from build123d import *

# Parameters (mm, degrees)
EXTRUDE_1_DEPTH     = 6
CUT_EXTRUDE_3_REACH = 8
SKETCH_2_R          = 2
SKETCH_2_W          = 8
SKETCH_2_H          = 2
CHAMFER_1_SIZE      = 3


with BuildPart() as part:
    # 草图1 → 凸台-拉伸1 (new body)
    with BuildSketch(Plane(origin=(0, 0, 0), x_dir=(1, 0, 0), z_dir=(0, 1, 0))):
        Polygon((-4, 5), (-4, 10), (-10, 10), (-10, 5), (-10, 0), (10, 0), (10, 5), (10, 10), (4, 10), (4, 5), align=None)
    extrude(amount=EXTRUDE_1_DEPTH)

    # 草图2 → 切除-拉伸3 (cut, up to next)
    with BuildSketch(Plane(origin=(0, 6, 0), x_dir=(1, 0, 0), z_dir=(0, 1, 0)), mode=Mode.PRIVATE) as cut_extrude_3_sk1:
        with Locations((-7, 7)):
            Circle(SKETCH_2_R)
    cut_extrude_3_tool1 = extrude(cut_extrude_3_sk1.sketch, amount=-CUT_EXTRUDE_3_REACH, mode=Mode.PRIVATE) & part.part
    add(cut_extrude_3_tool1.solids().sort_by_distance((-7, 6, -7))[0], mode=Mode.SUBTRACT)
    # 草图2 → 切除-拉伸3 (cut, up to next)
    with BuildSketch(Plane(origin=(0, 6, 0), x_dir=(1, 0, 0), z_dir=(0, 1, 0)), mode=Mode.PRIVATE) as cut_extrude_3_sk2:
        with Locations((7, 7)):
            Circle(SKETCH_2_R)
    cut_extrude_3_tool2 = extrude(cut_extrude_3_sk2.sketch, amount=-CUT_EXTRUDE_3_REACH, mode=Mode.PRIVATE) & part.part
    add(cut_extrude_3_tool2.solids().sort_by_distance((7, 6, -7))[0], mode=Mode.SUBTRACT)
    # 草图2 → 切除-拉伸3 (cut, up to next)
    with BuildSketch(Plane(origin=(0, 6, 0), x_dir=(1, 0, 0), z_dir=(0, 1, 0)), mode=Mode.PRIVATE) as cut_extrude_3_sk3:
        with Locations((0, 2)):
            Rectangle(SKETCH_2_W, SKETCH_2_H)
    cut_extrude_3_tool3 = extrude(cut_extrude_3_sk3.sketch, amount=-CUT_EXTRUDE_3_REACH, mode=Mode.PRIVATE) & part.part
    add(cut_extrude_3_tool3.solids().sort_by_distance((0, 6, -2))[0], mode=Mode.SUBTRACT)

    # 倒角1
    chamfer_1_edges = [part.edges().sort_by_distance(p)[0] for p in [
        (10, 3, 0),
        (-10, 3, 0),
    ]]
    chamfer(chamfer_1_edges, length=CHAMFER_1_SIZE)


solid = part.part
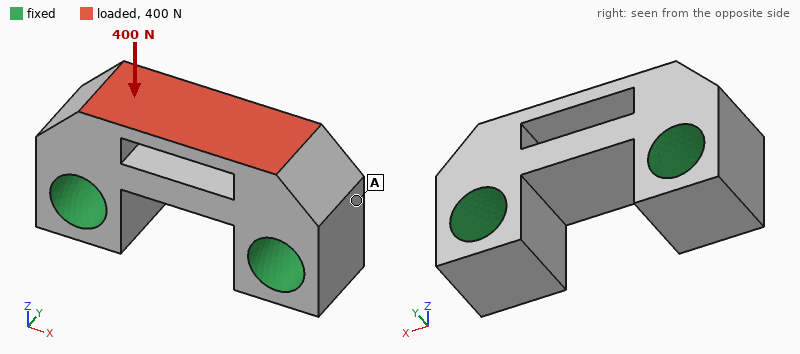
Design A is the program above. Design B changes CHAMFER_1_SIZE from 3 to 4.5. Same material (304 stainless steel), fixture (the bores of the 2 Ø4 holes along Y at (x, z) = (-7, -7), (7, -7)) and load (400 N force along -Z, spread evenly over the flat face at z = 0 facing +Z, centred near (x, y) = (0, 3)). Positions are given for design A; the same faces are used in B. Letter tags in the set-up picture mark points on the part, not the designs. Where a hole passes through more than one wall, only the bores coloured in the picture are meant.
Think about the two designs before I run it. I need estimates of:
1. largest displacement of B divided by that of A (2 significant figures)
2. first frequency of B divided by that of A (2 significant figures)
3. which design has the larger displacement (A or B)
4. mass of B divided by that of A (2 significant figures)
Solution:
1.3
0.99
B
0.90
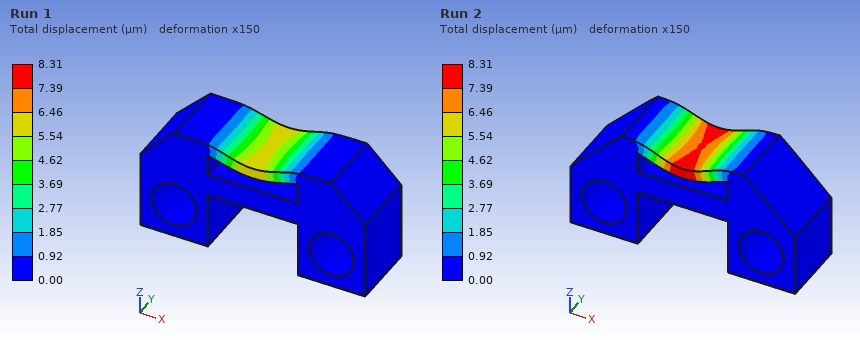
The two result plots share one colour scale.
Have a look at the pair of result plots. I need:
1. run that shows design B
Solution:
Run 2

▬▬▬▬▬▬

Exercise:
For each record, return its text exactly and leave any picture out.

Completed exercise:
from build123d import *

# Parameters (mm, degrees)
EXTRUDE_1_DEPTH     = 6
CUT_EXTRUDE_3_REACH = 8
SKETCH_2_R          = 2
SKETCH_2_W          = 8
SKETCH_2_H          = 2
CHAMFER_1_SIZE      = 3


with BuildPart() as part:
    # 草图1 → 凸台-拉伸1 (new body)
    with BuildSketch(Plane(origin=(0, 0, 0), x_dir=(1, 0, 0), z_dir=(0, 1, 0))):
        Polygon((-4, 5), (-4, 10), (-10, 10), (-10, 5), (-10, 0), (10, 0), (10, 5), (10, 10), (4, 10), (4, 5), align=None)
    extrude(amount=EXTRUDE_1_DEPTH)

    # 草图2 → 切除-拉伸3 (cut, up to next)
    with BuildSketch(Plane(origin=(0, 6, 0), x_dir=(1, 0, 0), z_dir=(0, 1, 0)), mode=Mode.PRIVATE) as cut_extrude_3_sk1:
        with Locations((-7, 7)):
            Circle(SKETCH_2_R)
    cut_extrude_3_tool1 = extrude(cut_extrude_3_sk1.sketch, amount=-CUT_EXTRUDE_3_REACH, mode=Mode.PRIVATE) & part.part
    add(cut_extrude_3_tool1.solids().sort_by_distance((-7, 6, -7))[0], mode=Mode.SUBTRACT)
    # 草图2 → 切除-拉伸3 (cut, up to next)
    with BuildSketch(Plane(origin=(0, 6, 0), x_dir=(1, 0, 0), z_dir=(0, 1, 0)), mode=Mode.PRIVATE) as cut_extrude_3_sk2:
        with Locations((7, 7)):
            Circle(SKETCH_2_R)
    cut_extrude_3_tool2 = extrude(cut_extrude_3_sk2.sketch, amount=-CUT_EXTRUDE_3_REACH, mode=Mode.PRIVATE) & part.part
    add(cut_extrude_3_tool2.solids().sort_by_distance((7, 6, -7))[0], mode=Mode.SUBTRACT)
    # 草图2 → 切除-拉伸3 (cut, up to next)
    with BuildSketch(Plane(origin=(0, 6, 0), x_dir=(1, 0, 0), z_dir=(0, 1, 0)), mode=Mode.PRIVATE) as cut_extrude_3_sk3:
        with Locations((0, 2)):
            Rectangle(SKETCH_2_W, SKETCH_2_H)
    cut_extrude_3_tool3 = extrude(cut_extrude_3_sk3.sketch, amount=-CUT_EXTRUDE_3_REACH, mode=Mode.PRIVATE) & part.part
    add(cut_extrude_3_tool3.solids().sort_by_distance((0, 6, -2))[0], mode=Mode.SUBTRACT)

    # 倒角1
    chamfer_1_edges = [part.edges().sort_by_distance(p)[0] for p in [
        (10, 3, 0),
        (-10, 3, 0),
    ]]
    chamfer(chamfer_1_edges, length=CHAMFER_1_SIZE)


solid = part.part
Design A is the program above. Design B changes CHAMFER_1_SIZE from 3 to 4.5. Same material (304 stainless steel), fixture (the bores of the 2 Ø4 holes along Y at (x, z) = (-7, -7), (7, -7)) and load (400 N force along -Z, spread evenly over the flat face at z = 0 facing +Z, centred near (x, y) = (0, 3)). Positions are given for design A; the same faces are used in B. Letter tags in the set-up picture mark points on the part, not the designs. Where a hole passes through more than one wall, only the bores coloured in the picture are meant.
Think about the two designs before I run it. I need estimates of:
1. largest displacement of B divided by that of A (2 significant figures)
2. first frequency of B divided by that of A (2 significant figures)
3. which design has the larger displacement (A or B)
4. mass of B divided by that of A (2 significant figures)
Solution:
1.3
0.99
B
0.90
The two result plots share one colour scale.
Have a look at the pair of result plots. I need:
1. run that shows design B
Solution:
Run 2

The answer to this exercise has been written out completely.